Flow stress of commercially pure niobium over a broad range of temperatures and strain rates

Abstract

The thermomechanical response of a commercially pure niobium (CP niobium) is investigated systematically in quasi-static (Instron, servohydraulic) and dynamic (UCSD's recovery Hopkinson) compression. Strains over 70% are achieved in these tests over a temperature range of 77–800 K and strain rates of 10 −3 to 8000 s −1. At the macroscopic level, the flow stress of CP niobium, within the plastic deformation regime, is dependent strongly on the temperature and strain rate. At temperatures below 296 K (room temperature), the flow stress of CP niobium at quasi-static strain rates is more sensitive to the temperature than it is at high strain rates.
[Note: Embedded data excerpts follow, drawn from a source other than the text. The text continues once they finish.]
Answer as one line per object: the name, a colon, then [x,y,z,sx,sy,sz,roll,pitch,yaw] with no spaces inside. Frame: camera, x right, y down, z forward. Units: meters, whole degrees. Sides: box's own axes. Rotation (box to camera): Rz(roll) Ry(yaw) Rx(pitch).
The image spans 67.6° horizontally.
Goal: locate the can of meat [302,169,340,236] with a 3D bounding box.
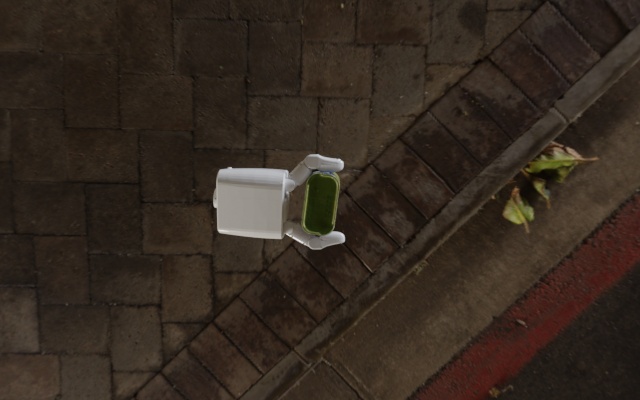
can of meat: [0.000,0.003,0.768,0.057,0.102,0.084,7,5,0]
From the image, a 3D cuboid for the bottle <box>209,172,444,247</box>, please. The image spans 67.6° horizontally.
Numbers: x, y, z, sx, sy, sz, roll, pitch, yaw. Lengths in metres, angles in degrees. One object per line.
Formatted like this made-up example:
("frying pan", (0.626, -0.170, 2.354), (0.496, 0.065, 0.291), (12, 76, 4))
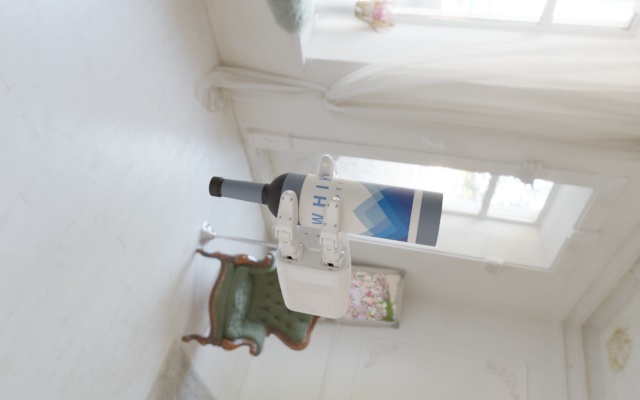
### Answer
("bottle", (0.000, 0.002, 0.602), (0.295, 0.069, 0.069), (8, 2, 12))
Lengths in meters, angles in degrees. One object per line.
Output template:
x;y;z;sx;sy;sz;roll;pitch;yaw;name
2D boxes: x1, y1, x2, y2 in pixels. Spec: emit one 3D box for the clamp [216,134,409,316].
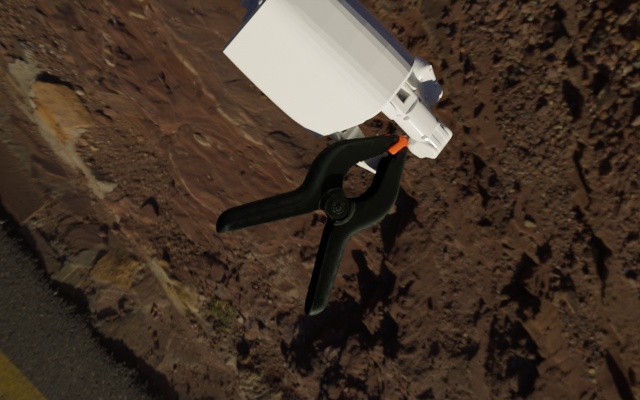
0.000;0.001;0.400;0.120;0.171;0.039;37;-2;-22;clamp
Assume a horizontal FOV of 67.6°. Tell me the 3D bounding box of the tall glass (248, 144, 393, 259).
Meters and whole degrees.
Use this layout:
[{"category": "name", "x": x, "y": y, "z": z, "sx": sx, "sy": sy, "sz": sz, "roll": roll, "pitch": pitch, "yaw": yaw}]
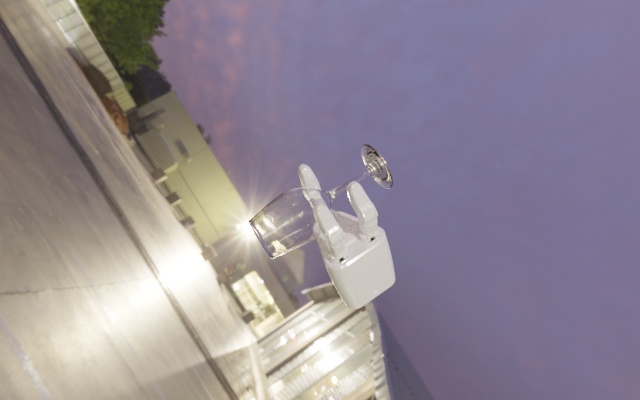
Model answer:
[{"category": "tall glass", "x": 0.001, "y": 0.002, "z": 0.671, "sx": 0.201, "sy": 0.079, "sz": 0.079, "roll": -32, "pitch": 8, "yaw": -13}]
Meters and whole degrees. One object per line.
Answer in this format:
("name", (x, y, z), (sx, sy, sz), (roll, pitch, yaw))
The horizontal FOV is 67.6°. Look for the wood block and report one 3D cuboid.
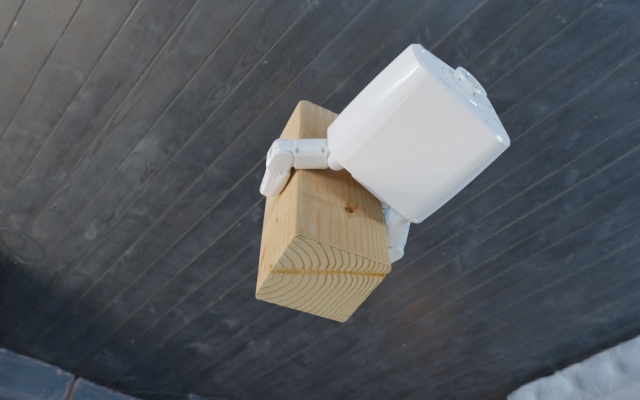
("wood block", (0.000, 0.001, 0.479), (0.091, 0.090, 0.206), (20, 38, -17))
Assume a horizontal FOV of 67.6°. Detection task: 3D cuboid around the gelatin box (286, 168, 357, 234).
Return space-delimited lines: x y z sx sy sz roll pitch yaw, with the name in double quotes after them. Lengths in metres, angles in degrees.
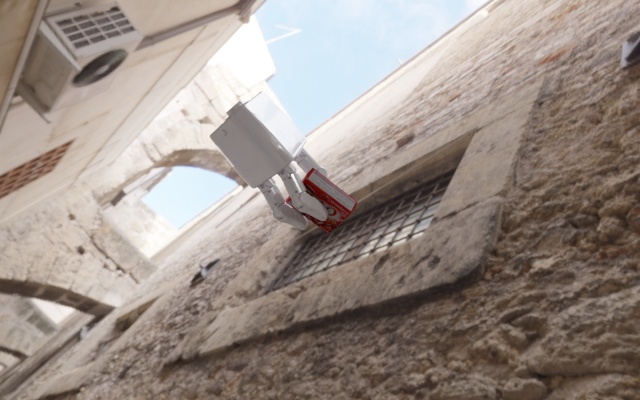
0.001 0.002 0.738 0.089 0.030 0.073 37 -43 -6 "gelatin box"
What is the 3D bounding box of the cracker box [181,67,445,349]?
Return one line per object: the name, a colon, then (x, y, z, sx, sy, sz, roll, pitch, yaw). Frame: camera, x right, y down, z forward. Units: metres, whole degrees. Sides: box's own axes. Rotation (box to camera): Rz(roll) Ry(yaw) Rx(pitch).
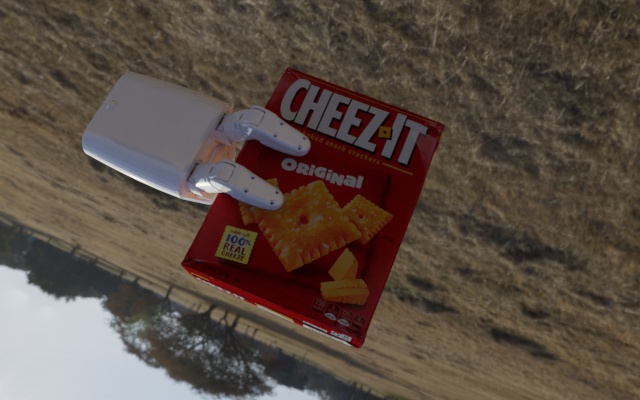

Dynamic strain aging occurs at ∼400 K at quasi-static strain rates. The microstructure of the deformed samples shows that adiabatic shearbands occur at low temperatures and high strain rates. Deformation twins are seen outside these shearbands. Results of the temperature- and strain-rate-jump tests show that, the corresponding microstructural changes are not significant. Finally, based on the concept of dislocation kinetics, paralleled with the systematic experimental investigation, a model describing the flow stress of CP niobium under high strain rates is developed by combining the effects of the long-range barriers to the motion of dislocations, with those of the short-range temperature- and strain rate-dependent barriers. The predicted flow stress and the experimental results are compared, attaining good agreement.